WHAT YOU HAVE TO DO: Give the whole listing again, exactly as written.

RECORDS FOR THIS TASK:
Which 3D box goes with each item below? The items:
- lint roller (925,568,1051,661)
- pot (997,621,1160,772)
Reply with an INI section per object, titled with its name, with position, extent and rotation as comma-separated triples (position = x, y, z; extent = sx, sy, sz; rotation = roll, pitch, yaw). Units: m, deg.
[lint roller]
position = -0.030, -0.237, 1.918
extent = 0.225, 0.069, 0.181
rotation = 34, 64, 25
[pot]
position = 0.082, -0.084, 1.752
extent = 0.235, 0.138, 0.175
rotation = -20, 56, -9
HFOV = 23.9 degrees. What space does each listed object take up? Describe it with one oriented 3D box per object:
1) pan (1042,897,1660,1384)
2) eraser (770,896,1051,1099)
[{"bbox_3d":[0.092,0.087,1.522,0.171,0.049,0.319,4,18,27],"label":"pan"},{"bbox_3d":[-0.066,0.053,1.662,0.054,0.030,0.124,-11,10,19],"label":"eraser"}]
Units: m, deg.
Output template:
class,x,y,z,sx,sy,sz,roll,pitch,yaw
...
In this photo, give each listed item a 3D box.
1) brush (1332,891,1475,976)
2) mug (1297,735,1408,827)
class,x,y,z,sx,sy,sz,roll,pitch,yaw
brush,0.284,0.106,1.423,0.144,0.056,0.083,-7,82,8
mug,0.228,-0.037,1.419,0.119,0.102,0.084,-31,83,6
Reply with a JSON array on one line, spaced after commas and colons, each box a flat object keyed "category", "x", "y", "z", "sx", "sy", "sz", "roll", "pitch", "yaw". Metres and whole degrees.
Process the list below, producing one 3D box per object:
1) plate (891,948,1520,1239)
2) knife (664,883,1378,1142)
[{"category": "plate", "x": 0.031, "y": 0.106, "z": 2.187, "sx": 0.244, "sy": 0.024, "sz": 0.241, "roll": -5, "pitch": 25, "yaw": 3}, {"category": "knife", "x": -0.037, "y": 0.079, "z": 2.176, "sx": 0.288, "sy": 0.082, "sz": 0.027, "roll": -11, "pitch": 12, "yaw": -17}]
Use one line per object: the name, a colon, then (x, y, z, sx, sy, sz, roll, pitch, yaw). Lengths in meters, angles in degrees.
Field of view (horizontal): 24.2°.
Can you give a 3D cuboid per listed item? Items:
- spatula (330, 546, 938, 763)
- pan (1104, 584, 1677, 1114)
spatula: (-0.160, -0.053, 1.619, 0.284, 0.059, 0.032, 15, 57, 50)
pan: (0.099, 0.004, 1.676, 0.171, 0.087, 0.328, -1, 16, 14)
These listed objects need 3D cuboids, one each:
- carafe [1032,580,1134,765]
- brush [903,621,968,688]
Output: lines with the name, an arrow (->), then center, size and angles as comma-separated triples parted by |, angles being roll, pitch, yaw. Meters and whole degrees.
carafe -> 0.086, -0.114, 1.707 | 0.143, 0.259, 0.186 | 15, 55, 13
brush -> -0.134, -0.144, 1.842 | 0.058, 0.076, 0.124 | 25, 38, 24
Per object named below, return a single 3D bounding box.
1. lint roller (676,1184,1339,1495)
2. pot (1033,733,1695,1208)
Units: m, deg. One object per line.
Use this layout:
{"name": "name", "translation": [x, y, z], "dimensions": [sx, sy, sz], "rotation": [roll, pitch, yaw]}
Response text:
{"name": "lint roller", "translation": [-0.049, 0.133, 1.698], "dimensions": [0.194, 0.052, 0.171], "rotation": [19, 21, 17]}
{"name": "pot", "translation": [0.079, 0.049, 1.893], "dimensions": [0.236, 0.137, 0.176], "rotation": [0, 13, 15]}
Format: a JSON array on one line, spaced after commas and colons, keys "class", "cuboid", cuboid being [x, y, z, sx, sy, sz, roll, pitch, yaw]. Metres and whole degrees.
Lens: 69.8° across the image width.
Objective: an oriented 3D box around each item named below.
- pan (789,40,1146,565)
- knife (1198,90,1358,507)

EXPECTED ANSWER:
Which 3D box goes with each item below? The items:
- lint roller (925,568,1051,661)
- pot (997,621,1160,772)
Reply with an INI section per object, titled with its name, with position, extent and rotation as comma-separated triples (position = x, y, z; extent = sx, sy, sz; rotation = roll, pitch, yaw). Units: m, deg.
[lint roller]
position = -0.030, -0.237, 1.918
extent = 0.225, 0.069, 0.181
rotation = 34, 64, 25
[pot]
position = 0.082, -0.084, 1.752
extent = 0.235, 0.138, 0.175
rotation = -20, 56, -9
HFOV = 23.9 degrees. What space does each listed object take up? Describe it with one oriented 3D box per object:
1) pan (1042,897,1660,1384)
2) eraser (770,896,1051,1099)
[{"bbox_3d":[0.092,0.087,1.522,0.171,0.049,0.319,4,18,27],"label":"pan"},{"bbox_3d":[-0.066,0.053,1.662,0.054,0.030,0.124,-11,10,19],"label":"eraser"}]
Units: m, deg.
Output template:
class,x,y,z,sx,sy,sz,roll,pitch,yaw
...
In this photo, give each listed item a 3D box.
1) brush (1332,891,1475,976)
2) mug (1297,735,1408,827)
class,x,y,z,sx,sy,sz,roll,pitch,yaw
brush,0.284,0.106,1.423,0.144,0.056,0.083,-7,82,8
mug,0.228,-0.037,1.419,0.119,0.102,0.084,-31,83,6
Reply with a JSON array on one line, spaced after commas and colons, each box a flat object keyed "category", "x", "y", "z", "sx", "sy", "sz", "roll", "pitch", "yaw". Metres and whole degrees.
Process the list below, producing one 3D box per object:
1) plate (891,948,1520,1239)
2) knife (664,883,1378,1142)
[{"category": "plate", "x": 0.031, "y": 0.106, "z": 2.187, "sx": 0.244, "sy": 0.024, "sz": 0.241, "roll": -5, "pitch": 25, "yaw": 3}, {"category": "knife", "x": -0.037, "y": 0.079, "z": 2.176, "sx": 0.288, "sy": 0.082, "sz": 0.027, "roll": -11, "pitch": 12, "yaw": -17}]
Use one line per object: the name, a colon, then (x, y, z, sx, sy, sz, roll, pitch, yaw). Lengths in meters, angles in degrees.
Field of view (horizontal): 24.2°.
Can you give a 3D cuboid per listed item? Items:
- spatula (330, 546, 938, 763)
- pan (1104, 584, 1677, 1114)
spatula: (-0.160, -0.053, 1.619, 0.284, 0.059, 0.032, 15, 57, 50)
pan: (0.099, 0.004, 1.676, 0.171, 0.087, 0.328, -1, 16, 14)
These listed objects need 3D cuboids, one each:
- carafe [1032,580,1134,765]
- brush [903,621,968,688]
Output: lines with the name, an arrow (->), then center, size and angles as comma-separated triples parted by |, angles being roll, pitch, yaw. Meters and whole degrees.
carafe -> 0.086, -0.114, 1.707 | 0.143, 0.259, 0.186 | 15, 55, 13
brush -> -0.134, -0.144, 1.842 | 0.058, 0.076, 0.124 | 25, 38, 24
Per object named below, return a single 3D bounding box.
1. lint roller (676,1184,1339,1495)
2. pot (1033,733,1695,1208)
Units: m, deg. One object per line.
Use this layout:
{"name": "name", "translation": [x, y, z], "dimensions": [sx, sy, sz], "rotation": [roll, pitch, yaw]}
Response text:
{"name": "lint roller", "translation": [-0.049, 0.133, 1.698], "dimensions": [0.194, 0.052, 0.171], "rotation": [19, 21, 17]}
{"name": "pot", "translation": [0.079, 0.049, 1.893], "dimensions": [0.236, 0.137, 0.176], "rotation": [0, 13, 15]}
Format: a JSON array on one line, spaced after commas and colons, keys "class", "cuboid", cuboid being [x, y, z, sx, sy, sz, roll, pitch, yaw]. Metres and whole degrees.
Lens: 69.8° across the image width.
Objective: an oriented 3D box around each item named below.
- pan (789,40,1146,565)
- knife (1198,90,1358,507)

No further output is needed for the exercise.